The India/Pakistan Heat Wave of 2015 affected more than the people who lost members of their communities. Scientists from the Lawrence Berkeley National Laboratory were greatly distressed by the climate disaster that they worked together on a paper that presented evidence of human influence on extreme weather events.

The research titled "The Deadly Combination of Heat and Humidity in India and Pakistan in Summer 2015" studied observational and simulated temperature and heat indexes. This led to the conclusion that the heat waves in India and Pakistan "were exacerbated by anthropogenic climate change." An estimated 2,500 people died of the 2015 heat wave in India while Pakistan's death toll reached 2,000.

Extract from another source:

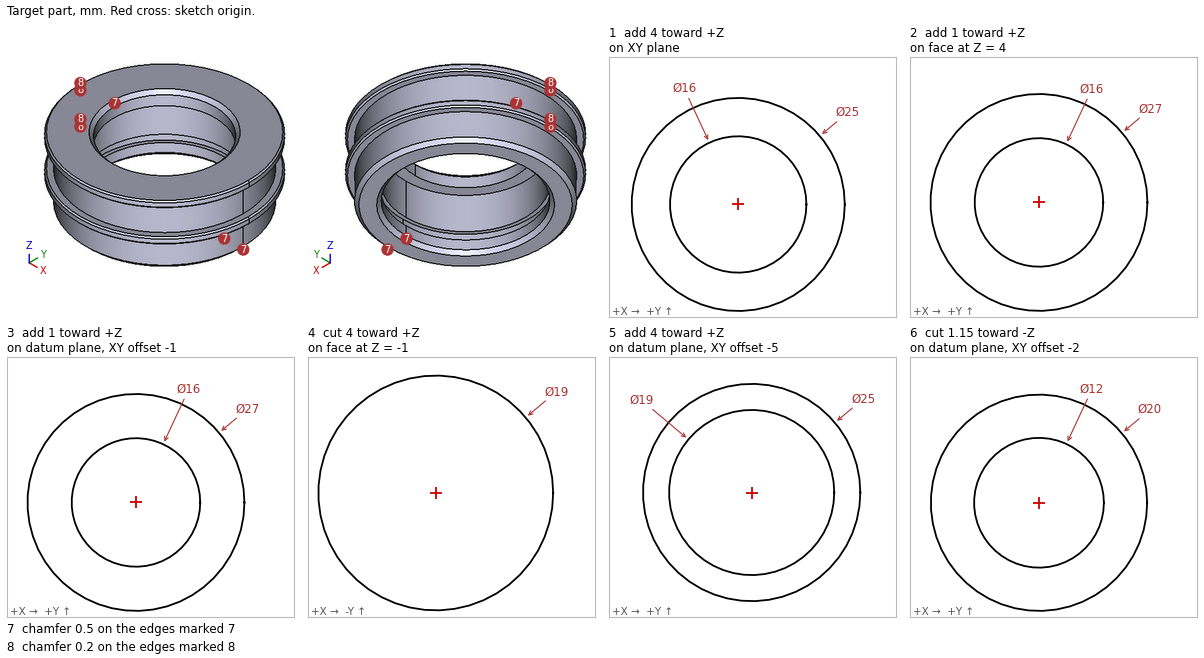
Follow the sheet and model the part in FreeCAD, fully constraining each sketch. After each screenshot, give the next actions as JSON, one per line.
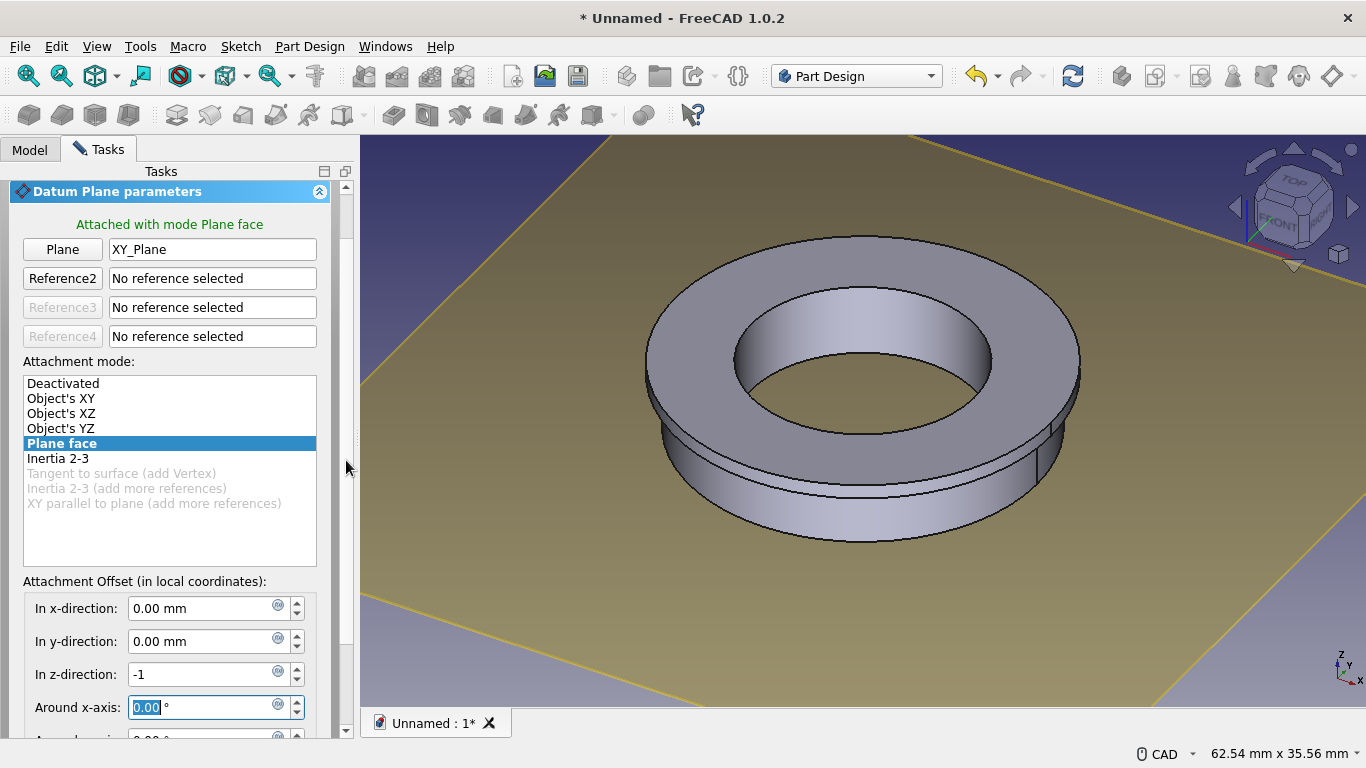
{"action": "left_click", "coordinate": [127, 210]}

"I was deeply moved by television coverage of the human tragedy, particularly parents who lost young children," shared Michael Wehner. A climate researcher at Berkeley Lab and the lead author on the paper, Wehner had studied extreme weather events and anthropogenic climate change extensively. He and his collaborators from Berkeley Lab, the Indian Institute of Technology Delhi and UC Berkeley decided to look more closely into the cause of the 2015 heat waves to determine if the two separate meteorological events were somehow linked.

Using simulations from the Community Atmospheric Model version 5 (CAM5) that takes into account human influence on extreme weather in the context of long-term climate change, the researchers were able to run "factual" simulations of the world and contrast them to "counterfactual" simulations that might have occurred if humans had not changed the composition of the atmosphere by producing large amounts of carbon dioxide.

"It is relatively common to run one or a few simulations of a climate model within a certain set of conditions, with each simulation differing just in the precise weather on the first day of the simulation; this difference in the first day propagates through time, providing different realizations of what the weather 'could have been,'" explained Dáithí Stone, the second author of the study and a research scientist in Berkeley Lab's Computational Research Division. "The special thing about the simulations used here is that we ran a rather large number of them. This was important for studying a rare event; if it is rare, then you need a large amount of data in order to have it occurring frequently enough that you can understand it."

The research team also discovered that even though the heat waves' proximity in terms of location and time, the two heat waves were "meteorologically independent." In spite of this discovery, Wehner emphasized, "the India/Pakistan paper confirms that the chances of deadly heat waves have been substantially increased by human-induced climate change, and these changes will certainly increase as the planet continues to warm."